▶ EXERCISE REQUIREMENTS: Word for word, restate the entries below and exclude every image.

Extracted data entries:
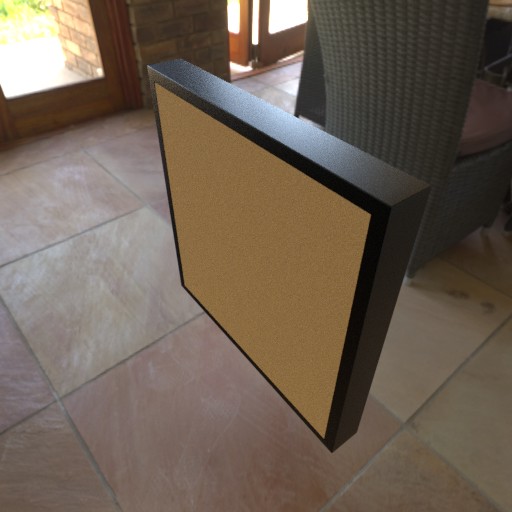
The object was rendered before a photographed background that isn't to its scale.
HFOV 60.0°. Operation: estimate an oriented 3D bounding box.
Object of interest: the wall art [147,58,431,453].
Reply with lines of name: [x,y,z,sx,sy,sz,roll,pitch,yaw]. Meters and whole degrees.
wall art: [0.000,0.000,0.445,0.037,0.299,0.299,-27,48,-27]
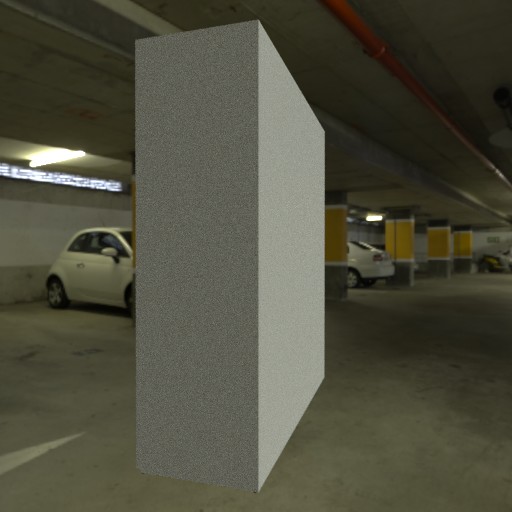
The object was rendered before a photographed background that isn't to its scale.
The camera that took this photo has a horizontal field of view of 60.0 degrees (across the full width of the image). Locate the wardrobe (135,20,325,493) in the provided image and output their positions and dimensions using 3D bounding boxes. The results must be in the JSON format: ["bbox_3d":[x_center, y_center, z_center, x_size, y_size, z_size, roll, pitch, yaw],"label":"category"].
[{"bbox_3d":[0.000,0.000,2.851,0.600,2.020,1.830,0,1,18],"label":"wardrobe"}]
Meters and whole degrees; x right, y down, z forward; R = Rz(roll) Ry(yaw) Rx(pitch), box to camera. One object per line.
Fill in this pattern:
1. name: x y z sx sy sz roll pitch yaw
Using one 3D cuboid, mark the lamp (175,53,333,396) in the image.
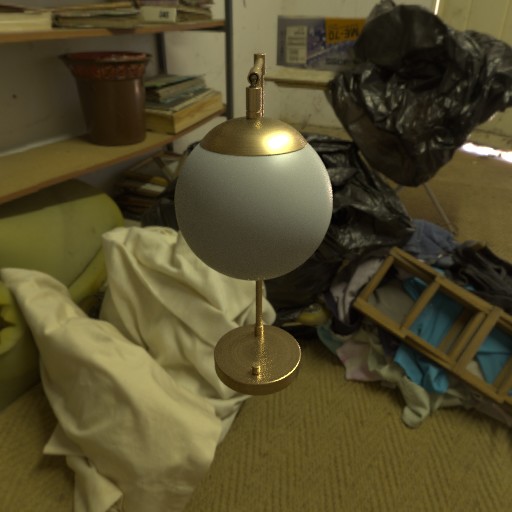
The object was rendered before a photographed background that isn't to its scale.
1. lamp: 0.000 0.000 0.696 0.207 0.559 0.324 2 30 3
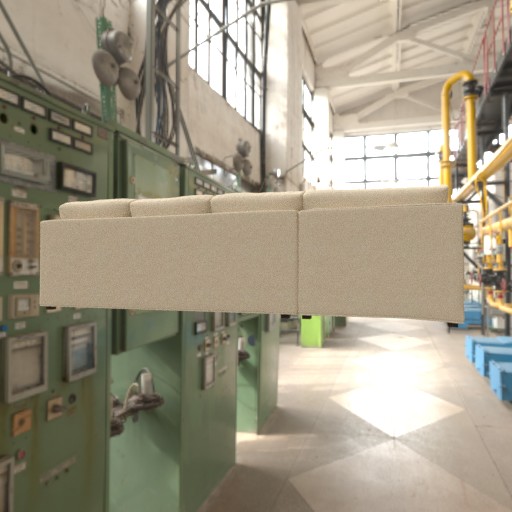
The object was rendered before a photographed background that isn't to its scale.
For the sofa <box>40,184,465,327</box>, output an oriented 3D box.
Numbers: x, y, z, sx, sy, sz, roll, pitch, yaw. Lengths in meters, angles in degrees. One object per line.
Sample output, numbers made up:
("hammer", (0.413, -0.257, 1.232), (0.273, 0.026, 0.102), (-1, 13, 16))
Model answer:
("sofa", (0.000, 0.000, 3.900), (3.205, 0.922, 1.650), (0, -2, 18))
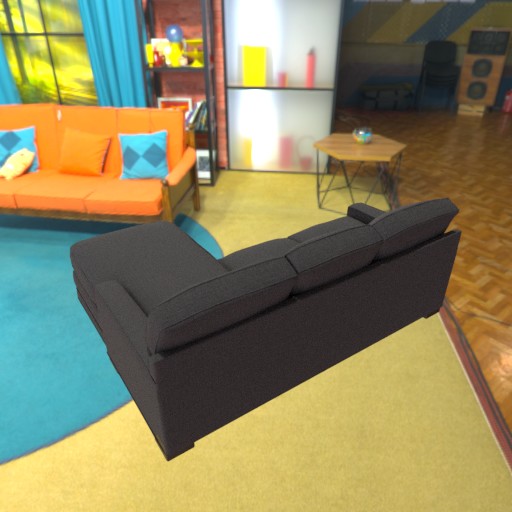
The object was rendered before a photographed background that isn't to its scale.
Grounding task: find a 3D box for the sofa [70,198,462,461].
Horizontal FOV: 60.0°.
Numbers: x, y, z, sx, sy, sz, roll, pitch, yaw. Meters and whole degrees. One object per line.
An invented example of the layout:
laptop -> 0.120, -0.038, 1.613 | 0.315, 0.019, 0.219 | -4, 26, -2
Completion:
sofa -> 0.000, 0.000, 3.347 | 2.370, 0.973, 1.790 | -19, 35, -29
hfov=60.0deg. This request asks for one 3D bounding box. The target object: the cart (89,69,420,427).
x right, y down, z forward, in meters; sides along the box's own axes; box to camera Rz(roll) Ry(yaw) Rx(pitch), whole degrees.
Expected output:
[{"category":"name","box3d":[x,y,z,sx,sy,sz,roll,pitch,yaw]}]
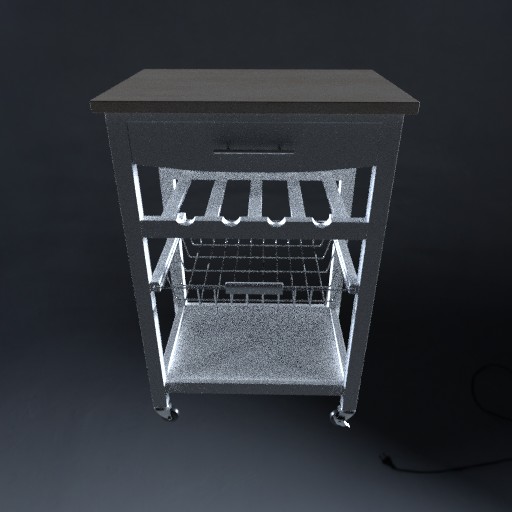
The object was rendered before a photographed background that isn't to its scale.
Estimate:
[{"category":"cart","box3d":[0.000,0.000,1.163,0.578,0.857,0.406,1,30,1]}]
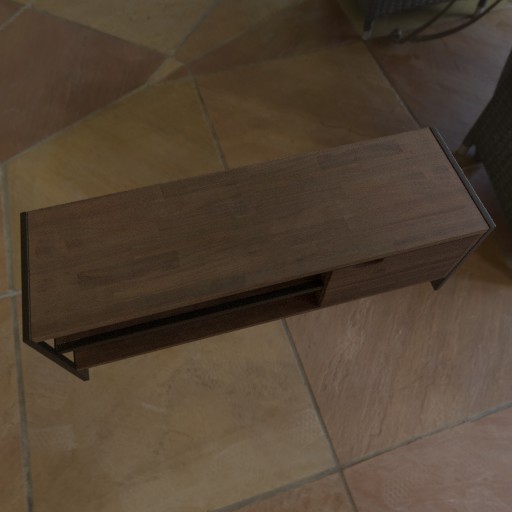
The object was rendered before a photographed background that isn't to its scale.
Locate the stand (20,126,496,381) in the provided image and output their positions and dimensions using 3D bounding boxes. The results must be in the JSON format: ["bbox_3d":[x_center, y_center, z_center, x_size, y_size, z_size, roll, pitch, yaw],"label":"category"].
[{"bbox_3d":[0.000,0.000,1.661,1.480,0.506,0.454,-13,63,-7],"label":"stand"}]
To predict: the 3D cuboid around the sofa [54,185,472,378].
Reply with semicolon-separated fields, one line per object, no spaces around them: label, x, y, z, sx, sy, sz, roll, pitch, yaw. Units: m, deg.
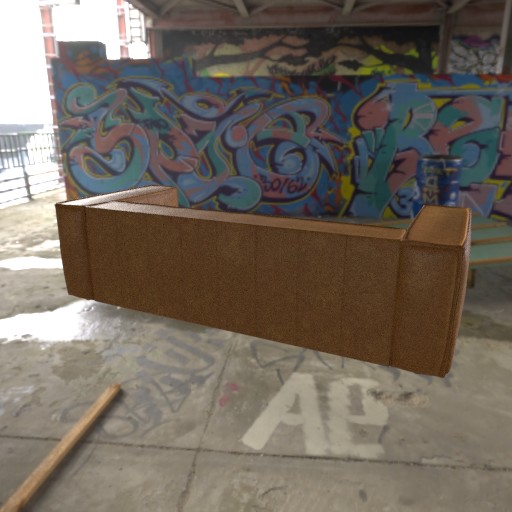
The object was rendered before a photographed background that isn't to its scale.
sofa;0.000;0.000;2.988;2.581;0.701;1.102;8;18;25
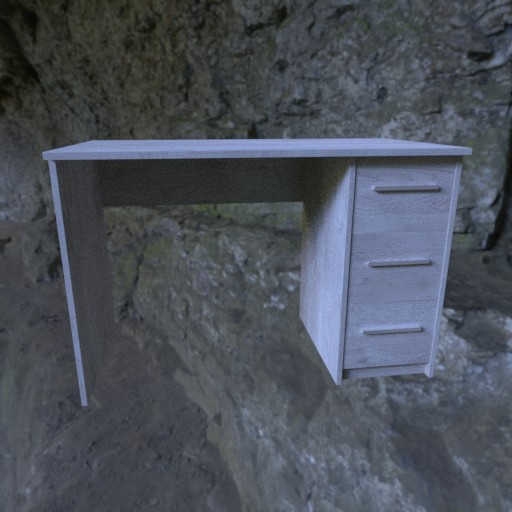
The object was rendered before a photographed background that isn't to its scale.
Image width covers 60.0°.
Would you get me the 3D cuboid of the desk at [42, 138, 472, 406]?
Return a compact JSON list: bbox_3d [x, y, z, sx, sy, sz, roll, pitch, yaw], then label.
[{"bbox_3d":[0.000,0.000,1.493,1.097,0.735,0.560,-2,18,-7],"label":"desk"}]
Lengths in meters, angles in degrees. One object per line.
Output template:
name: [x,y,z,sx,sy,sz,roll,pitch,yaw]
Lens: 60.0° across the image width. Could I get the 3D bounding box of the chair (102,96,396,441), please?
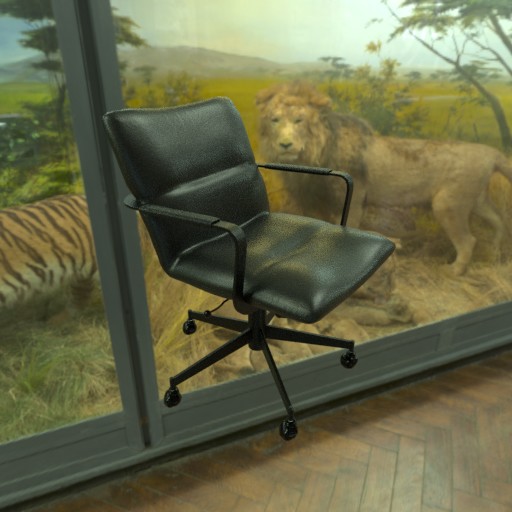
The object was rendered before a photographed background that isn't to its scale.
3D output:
chair: [0.000,0.000,1.471,0.748,0.922,0.719,18,31,32]
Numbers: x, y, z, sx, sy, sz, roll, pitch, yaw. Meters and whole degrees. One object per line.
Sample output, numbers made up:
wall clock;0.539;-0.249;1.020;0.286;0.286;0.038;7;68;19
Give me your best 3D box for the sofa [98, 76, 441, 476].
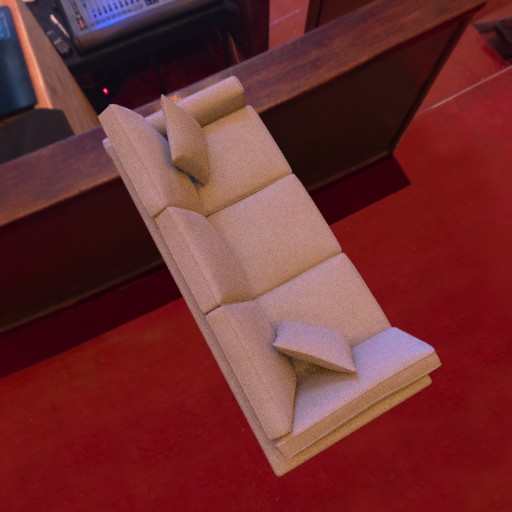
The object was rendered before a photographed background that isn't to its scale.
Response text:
sofa;0.000;0.000;2.869;1.061;0.962;2.317;-28;77;-7
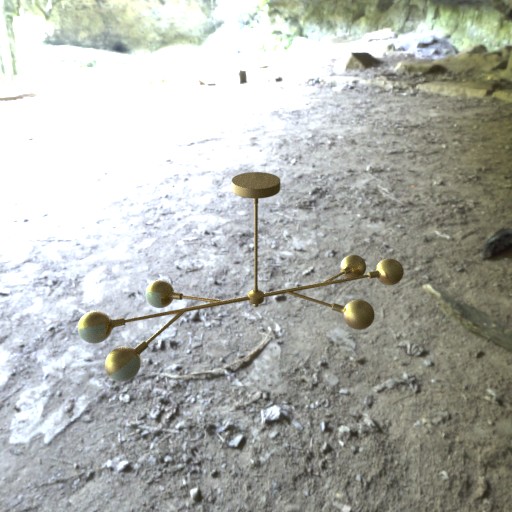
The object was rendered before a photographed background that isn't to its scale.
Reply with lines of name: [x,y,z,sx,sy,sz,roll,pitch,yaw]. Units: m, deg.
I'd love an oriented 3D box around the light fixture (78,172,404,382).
light fixture: [0.000,0.000,1.006,0.778,0.362,0.434,-1,30,-2]
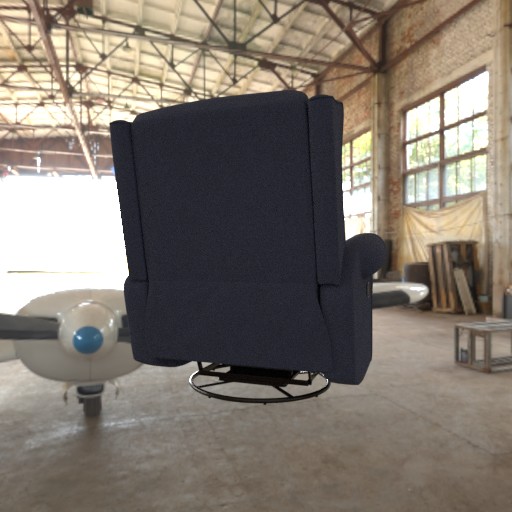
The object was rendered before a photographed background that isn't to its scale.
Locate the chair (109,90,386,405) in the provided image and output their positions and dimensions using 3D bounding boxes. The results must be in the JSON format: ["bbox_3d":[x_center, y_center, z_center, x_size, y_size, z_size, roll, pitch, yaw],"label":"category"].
[{"bbox_3d":[0.000,0.000,1.761,0.971,1.020,0.877,0,0,20],"label":"chair"}]
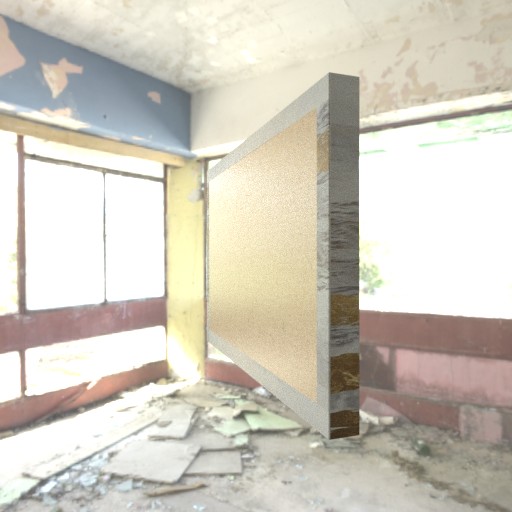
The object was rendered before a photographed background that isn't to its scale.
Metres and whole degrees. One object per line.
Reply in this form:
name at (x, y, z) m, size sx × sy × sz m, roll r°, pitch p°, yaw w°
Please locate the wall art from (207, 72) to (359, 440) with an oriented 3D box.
wall art at (0.000, 0.000, 0.783) m, size 0.041 × 0.407 × 0.606 m, roll 0°, pitch 0°, yaw -19°
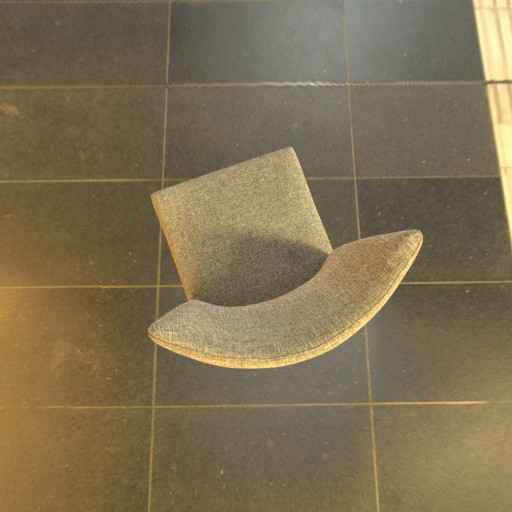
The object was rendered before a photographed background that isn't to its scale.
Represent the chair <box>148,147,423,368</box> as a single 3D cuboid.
[{"bbox_3d":[0.000,0.000,1.280,0.535,0.924,0.623,-20,77,-5],"label":"chair"}]
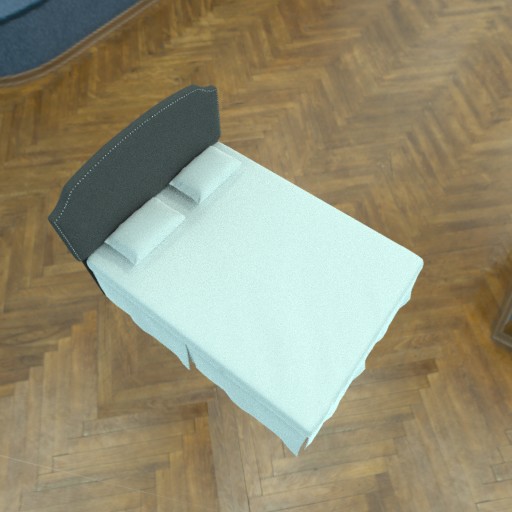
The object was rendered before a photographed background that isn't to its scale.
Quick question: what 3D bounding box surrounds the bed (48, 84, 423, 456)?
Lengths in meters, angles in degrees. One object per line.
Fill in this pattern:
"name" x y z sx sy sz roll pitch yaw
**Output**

▶ WRITTEN RESPONSE:
The object was rendered before a photographed background that isn't to its scale.
HFOV 60.0°. Operation: estimate an oriented 3D bounding box.
Object of interest: the wall art [147,58,431,453].
Reply with lines of name: [x,y,z,sx,sy,sz,roll,pitch,yaw]. Meters and whole degrees.
wall art: [0.000,0.000,0.445,0.037,0.299,0.299,-27,48,-27]
The object was rendered before a photographed background that isn't to its scale.
The camera that took this photo has a horizontal field of view of 60.0 degrees (across the full width of the image). Locate the wardrobe (135,20,325,493) in the provided image and output their positions and dimensions using 3D bounding boxes. The results must be in the JSON format: ["bbox_3d":[x_center, y_center, z_center, x_size, y_size, z_size, roll, pitch, yaw],"label":"category"].
[{"bbox_3d":[0.000,0.000,2.851,0.600,2.020,1.830,0,1,18],"label":"wardrobe"}]
Meters and whole degrees; x right, y down, z forward; R = Rz(roll) Ry(yaw) Rx(pitch), box to camera. One object per line.
Fill in this pattern:
1. name: x y z sx sy sz roll pitch yaw
Using one 3D cuboid, mark the lamp (175,53,333,396) in the image.
The object was rendered before a photographed background that isn't to its scale.
1. lamp: 0.000 0.000 0.696 0.207 0.559 0.324 2 30 3
The object was rendered before a photographed background that isn't to its scale.
For the sofa <box>40,184,465,327</box>, output an oriented 3D box.
Numbers: x, y, z, sx, sy, sz, roll, pitch, yaw. Lengths in meters, angles in degrees. One object per line.
Sample output, numbers made up:
("hammer", (0.413, -0.257, 1.232), (0.273, 0.026, 0.102), (-1, 13, 16))
Model answer:
("sofa", (0.000, 0.000, 3.900), (3.205, 0.922, 1.650), (0, -2, 18))
The object was rendered before a photographed background that isn't to its scale.
Grounding task: find a 3D box for the sofa [70,198,462,461].
Horizontal FOV: 60.0°.
Numbers: x, y, z, sx, sy, sz, roll, pitch, yaw. Meters and whole degrees. One object per line.
An invented example of the layout:
laptop -> 0.120, -0.038, 1.613 | 0.315, 0.019, 0.219 | -4, 26, -2
Completion:
sofa -> 0.000, 0.000, 3.347 | 2.370, 0.973, 1.790 | -19, 35, -29
hfov=60.0deg. This request asks for one 3D bounding box. The target object: the cart (89,69,420,427).
x right, y down, z forward, in meters; sides along the box's own axes; box to camera Rz(roll) Ry(yaw) Rx(pitch), whole degrees.
Expected output:
[{"category":"name","box3d":[x,y,z,sx,sy,sz,roll,pitch,yaw]}]
The object was rendered before a photographed background that isn't to its scale.
Estimate:
[{"category":"cart","box3d":[0.000,0.000,1.163,0.578,0.857,0.406,1,30,1]}]
The object was rendered before a photographed background that isn't to its scale.
Locate the stand (20,126,496,381) in the provided image and output their positions and dimensions using 3D bounding boxes. The results must be in the JSON format: ["bbox_3d":[x_center, y_center, z_center, x_size, y_size, z_size, roll, pitch, yaw],"label":"category"].
[{"bbox_3d":[0.000,0.000,1.661,1.480,0.506,0.454,-13,63,-7],"label":"stand"}]
To predict: the 3D cuboid around the sofa [54,185,472,378].
Reply with semicolon-separated fields, one line per object, no spaces around them: label, x, y, z, sx, sy, sz, roll, pitch, yaw. Units: m, deg.
The object was rendered before a photographed background that isn't to its scale.
sofa;0.000;0.000;2.988;2.581;0.701;1.102;8;18;25
The object was rendered before a photographed background that isn't to its scale.
Image width covers 60.0°.
Would you get me the 3D cuboid of the desk at [42, 138, 472, 406]?
Return a compact JSON list: bbox_3d [x, y, z, sx, sy, sz, roll, pitch, yaw], then label.
[{"bbox_3d":[0.000,0.000,1.493,1.097,0.735,0.560,-2,18,-7],"label":"desk"}]
Lengths in meters, angles in degrees. One object per line.
Output template:
name: [x,y,z,sx,sy,sz,roll,pitch,yaw]
Lens: 60.0° across the image width. Could I get the 3D bounding box of the chair (102,96,396,441), please?
The object was rendered before a photographed background that isn't to its scale.
3D output:
chair: [0.000,0.000,1.471,0.748,0.922,0.719,18,31,32]
Numbers: x, y, z, sx, sy, sz, roll, pitch, yaw. Meters and whole degrees. One object per line.
Sample output, numbers made up:
wall clock;0.539;-0.249;1.020;0.286;0.286;0.038;7;68;19
Give me your best 3D box for the sofa [98, 76, 441, 476].
The object was rendered before a photographed background that isn't to its scale.
Response text:
sofa;0.000;0.000;2.869;1.061;0.962;2.317;-28;77;-7
The object was rendered before a photographed background that isn't to its scale.
Reply with lines of name: [x,y,z,sx,sy,sz,roll,pitch,yaw]. Units: m, deg.
I'd love an oriented 3D box around the light fixture (78,172,404,382).
light fixture: [0.000,0.000,1.006,0.778,0.362,0.434,-1,30,-2]
The object was rendered before a photographed background that isn't to its scale.
Locate the chair (109,90,386,405) in the provided image and output their positions and dimensions using 3D bounding boxes. The results must be in the JSON format: ["bbox_3d":[x_center, y_center, z_center, x_size, y_size, z_size, roll, pitch, yaw],"label":"category"].
[{"bbox_3d":[0.000,0.000,1.761,0.971,1.020,0.877,0,0,20],"label":"chair"}]
The object was rendered before a photographed background that isn't to its scale.
Metres and whole degrees. One object per line.
Reply in this form:
name at (x, y, z) m, size sx × sy × sz m, roll r°, pitch p°, yaw w°
Please locate the wall art from (207, 72) to (359, 440) with an oriented 3D box.
wall art at (0.000, 0.000, 0.783) m, size 0.041 × 0.407 × 0.606 m, roll 0°, pitch 0°, yaw -19°
The object was rendered before a photographed background that isn't to its scale.
Represent the chair <box>148,147,423,368</box> as a single 3D cuboid.
[{"bbox_3d":[0.000,0.000,1.280,0.535,0.924,0.623,-20,77,-5],"label":"chair"}]
The object was rendered before a photographed background that isn't to its scale.
Quick question: what 3D bounding box surrounds the bed (48, 84, 423, 456)?
Lengths in meters, angles in degrees. One object per line.
Fill in this pattern:
"name" x y z sx sy sz roll pitch yaw
**Output**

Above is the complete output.